Directed By: John McNaughton
Starring: Derek Cecil, Leela Savasta, Steve Bacic
The Main Review: Haeckel's Tale was an 2006 episode of the Showtime series, Masters of Horror. Based on a short story by Clive Baker, Haeckel's Tale seems like your average re-animation horror flick when you start watching. It centers around Ernst Haeckel, a medical student, who believes he can re-animate the dead. He goes to visit his sick father and stays for the night with a old farmer and his beautiful, young wife. You soon learn that this is not just a fun re-animation movie. At all.
Gosh, do I wish it was.
The movie actually begins with a widower, Ralston, coming to ask Miz Carnation, a necromancer, to bring his dead wife back to life. She agrees to do it if he listens to the harrowing tale of Haeckel and decides, at it's conclusion, that he loves his wife that much. Haeckel is introduced as the wealthy, educated medical student who wants to bring dead people back to life, because that's always a good idea. After being humiliated by not being able to bring someone back to life, Haeckel is directed to the necromancer Montesquino. Haeckel thinks Montesquino is a swindler, believing that only science can bring a person back to life and not magic.
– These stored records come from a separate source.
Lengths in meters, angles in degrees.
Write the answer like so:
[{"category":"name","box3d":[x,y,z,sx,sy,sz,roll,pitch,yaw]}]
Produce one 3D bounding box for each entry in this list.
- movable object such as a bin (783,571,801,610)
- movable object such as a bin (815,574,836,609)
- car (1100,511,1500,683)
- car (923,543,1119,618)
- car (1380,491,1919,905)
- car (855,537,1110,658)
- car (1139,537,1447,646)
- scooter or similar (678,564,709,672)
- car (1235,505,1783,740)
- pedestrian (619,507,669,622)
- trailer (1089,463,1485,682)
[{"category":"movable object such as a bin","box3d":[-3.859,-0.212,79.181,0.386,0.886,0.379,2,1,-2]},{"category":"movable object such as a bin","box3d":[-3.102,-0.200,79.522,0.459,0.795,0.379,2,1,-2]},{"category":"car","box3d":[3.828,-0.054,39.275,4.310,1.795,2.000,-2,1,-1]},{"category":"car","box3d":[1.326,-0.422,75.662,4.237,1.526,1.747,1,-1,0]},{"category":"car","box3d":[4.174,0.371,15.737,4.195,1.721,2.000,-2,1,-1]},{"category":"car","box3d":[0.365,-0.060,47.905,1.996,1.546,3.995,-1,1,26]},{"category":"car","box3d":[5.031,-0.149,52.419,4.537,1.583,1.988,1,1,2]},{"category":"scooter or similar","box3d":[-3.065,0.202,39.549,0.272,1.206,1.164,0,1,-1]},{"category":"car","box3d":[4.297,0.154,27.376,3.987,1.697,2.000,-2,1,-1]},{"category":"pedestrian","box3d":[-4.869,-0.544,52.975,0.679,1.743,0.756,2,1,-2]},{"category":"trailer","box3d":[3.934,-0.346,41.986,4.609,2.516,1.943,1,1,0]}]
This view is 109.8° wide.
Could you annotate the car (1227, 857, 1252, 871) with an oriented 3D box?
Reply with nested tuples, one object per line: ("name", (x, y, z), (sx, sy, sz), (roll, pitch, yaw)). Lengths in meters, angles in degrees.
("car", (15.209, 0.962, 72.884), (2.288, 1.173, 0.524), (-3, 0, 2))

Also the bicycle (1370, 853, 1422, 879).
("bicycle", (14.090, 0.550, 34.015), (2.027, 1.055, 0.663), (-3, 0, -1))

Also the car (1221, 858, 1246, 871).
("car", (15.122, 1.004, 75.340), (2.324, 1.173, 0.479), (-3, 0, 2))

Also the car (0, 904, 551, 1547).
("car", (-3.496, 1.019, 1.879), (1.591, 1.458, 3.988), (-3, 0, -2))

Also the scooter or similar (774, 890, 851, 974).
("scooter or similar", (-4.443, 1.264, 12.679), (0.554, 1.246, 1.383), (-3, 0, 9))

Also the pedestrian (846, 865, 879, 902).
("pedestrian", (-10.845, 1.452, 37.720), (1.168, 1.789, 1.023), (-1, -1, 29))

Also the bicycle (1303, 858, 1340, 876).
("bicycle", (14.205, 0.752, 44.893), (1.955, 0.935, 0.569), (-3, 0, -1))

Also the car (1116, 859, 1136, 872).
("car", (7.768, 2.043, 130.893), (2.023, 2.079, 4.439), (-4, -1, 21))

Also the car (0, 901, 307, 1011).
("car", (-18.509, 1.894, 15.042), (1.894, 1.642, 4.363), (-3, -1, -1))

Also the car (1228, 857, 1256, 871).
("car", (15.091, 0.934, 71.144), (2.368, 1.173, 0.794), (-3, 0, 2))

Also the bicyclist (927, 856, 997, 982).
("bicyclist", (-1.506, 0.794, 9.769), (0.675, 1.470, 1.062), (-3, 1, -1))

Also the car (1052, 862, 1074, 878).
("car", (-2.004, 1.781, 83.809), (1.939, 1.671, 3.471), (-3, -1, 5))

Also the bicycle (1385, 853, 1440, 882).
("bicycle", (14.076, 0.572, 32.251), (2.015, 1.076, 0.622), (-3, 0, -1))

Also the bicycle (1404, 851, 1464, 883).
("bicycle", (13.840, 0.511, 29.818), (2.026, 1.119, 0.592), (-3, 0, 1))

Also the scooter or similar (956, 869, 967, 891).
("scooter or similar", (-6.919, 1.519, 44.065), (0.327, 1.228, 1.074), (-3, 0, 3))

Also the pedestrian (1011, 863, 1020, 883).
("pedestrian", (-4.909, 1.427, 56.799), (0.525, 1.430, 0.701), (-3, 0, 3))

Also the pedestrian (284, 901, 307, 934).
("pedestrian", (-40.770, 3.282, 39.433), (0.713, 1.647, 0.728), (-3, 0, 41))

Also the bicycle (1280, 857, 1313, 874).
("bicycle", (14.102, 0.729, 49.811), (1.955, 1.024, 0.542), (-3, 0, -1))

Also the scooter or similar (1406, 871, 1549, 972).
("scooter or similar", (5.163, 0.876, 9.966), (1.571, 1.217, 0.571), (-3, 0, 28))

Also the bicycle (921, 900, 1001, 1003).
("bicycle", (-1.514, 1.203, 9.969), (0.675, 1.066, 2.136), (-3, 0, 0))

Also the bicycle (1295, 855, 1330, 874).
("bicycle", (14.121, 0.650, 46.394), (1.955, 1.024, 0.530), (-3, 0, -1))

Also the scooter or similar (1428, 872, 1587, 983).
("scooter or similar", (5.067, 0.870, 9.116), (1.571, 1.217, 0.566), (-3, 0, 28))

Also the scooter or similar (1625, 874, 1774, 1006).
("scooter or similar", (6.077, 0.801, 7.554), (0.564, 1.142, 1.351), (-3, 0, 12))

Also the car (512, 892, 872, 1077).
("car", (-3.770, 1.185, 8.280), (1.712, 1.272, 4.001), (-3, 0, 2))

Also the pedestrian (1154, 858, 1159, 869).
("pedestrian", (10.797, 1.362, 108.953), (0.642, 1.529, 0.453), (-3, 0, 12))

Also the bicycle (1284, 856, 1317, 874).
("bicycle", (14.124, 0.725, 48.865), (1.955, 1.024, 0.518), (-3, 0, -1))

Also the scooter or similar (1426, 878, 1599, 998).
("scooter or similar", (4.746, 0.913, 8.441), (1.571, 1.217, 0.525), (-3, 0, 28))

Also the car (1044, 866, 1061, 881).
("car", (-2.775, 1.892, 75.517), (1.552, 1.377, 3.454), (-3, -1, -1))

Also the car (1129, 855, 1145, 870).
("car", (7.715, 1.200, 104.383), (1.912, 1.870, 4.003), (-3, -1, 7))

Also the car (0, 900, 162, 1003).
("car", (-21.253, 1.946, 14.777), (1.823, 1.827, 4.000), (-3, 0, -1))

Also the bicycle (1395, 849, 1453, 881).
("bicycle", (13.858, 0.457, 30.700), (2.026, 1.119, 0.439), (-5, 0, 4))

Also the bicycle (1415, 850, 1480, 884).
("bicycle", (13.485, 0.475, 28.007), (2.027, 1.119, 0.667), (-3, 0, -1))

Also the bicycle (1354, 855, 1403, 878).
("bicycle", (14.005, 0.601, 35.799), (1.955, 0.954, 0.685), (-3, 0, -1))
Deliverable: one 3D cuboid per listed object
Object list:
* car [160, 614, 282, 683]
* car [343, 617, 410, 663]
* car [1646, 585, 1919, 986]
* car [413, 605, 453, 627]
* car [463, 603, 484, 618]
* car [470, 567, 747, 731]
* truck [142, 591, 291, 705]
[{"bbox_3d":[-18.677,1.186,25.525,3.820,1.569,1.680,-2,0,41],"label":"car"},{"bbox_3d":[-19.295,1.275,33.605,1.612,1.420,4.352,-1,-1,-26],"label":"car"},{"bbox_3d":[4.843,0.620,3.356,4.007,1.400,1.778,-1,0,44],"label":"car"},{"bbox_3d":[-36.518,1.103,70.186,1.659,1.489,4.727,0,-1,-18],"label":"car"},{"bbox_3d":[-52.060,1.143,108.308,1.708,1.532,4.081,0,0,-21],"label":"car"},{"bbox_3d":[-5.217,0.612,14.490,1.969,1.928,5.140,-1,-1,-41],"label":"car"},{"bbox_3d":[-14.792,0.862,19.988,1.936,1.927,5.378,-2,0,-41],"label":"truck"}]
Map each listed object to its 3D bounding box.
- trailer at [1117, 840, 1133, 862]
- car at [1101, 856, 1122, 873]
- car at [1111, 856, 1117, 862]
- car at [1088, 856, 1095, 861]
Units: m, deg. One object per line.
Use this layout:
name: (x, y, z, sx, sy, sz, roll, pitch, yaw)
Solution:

Okay, switching story gears, Haeckel receives a letter saying his sickly father has taken a turn for the worse and would like to see him. He then abandons just being a re-animation film and steps into... Something else entirely. While on his journey, he is invited into the home of Walter and Elise Wolfram. The two of them, and their baby, are simple farmers but Elise seems to be preoccupied with something else. Haeckel spends a couple of scenes making eyes at Elise, then goes to bed.
Here's Where It Gets Spoilerific: God, I don't even know how to say this without being completely tasteless...
So, Montesquino shows up and Elise runs off into the graveyard. Walter starts crying and tells Haeckel, whose gotten out of bed by now, that Elise remarried him after her first husband's death. It's mentioned several times that no normal man can satisfy her. You hear Elise making some, uh... noise in the graveyard and Haeckel thinks "Hey, let's go see what's going on. That's a good idea. Totally." So, he goes to the graveyard with Walter in tow and sees Elise and her dead husband enjoying some Coldplay. And, then, it gets worse because you notice all the other dead men in the neighborhood seem to be waiting for their turn.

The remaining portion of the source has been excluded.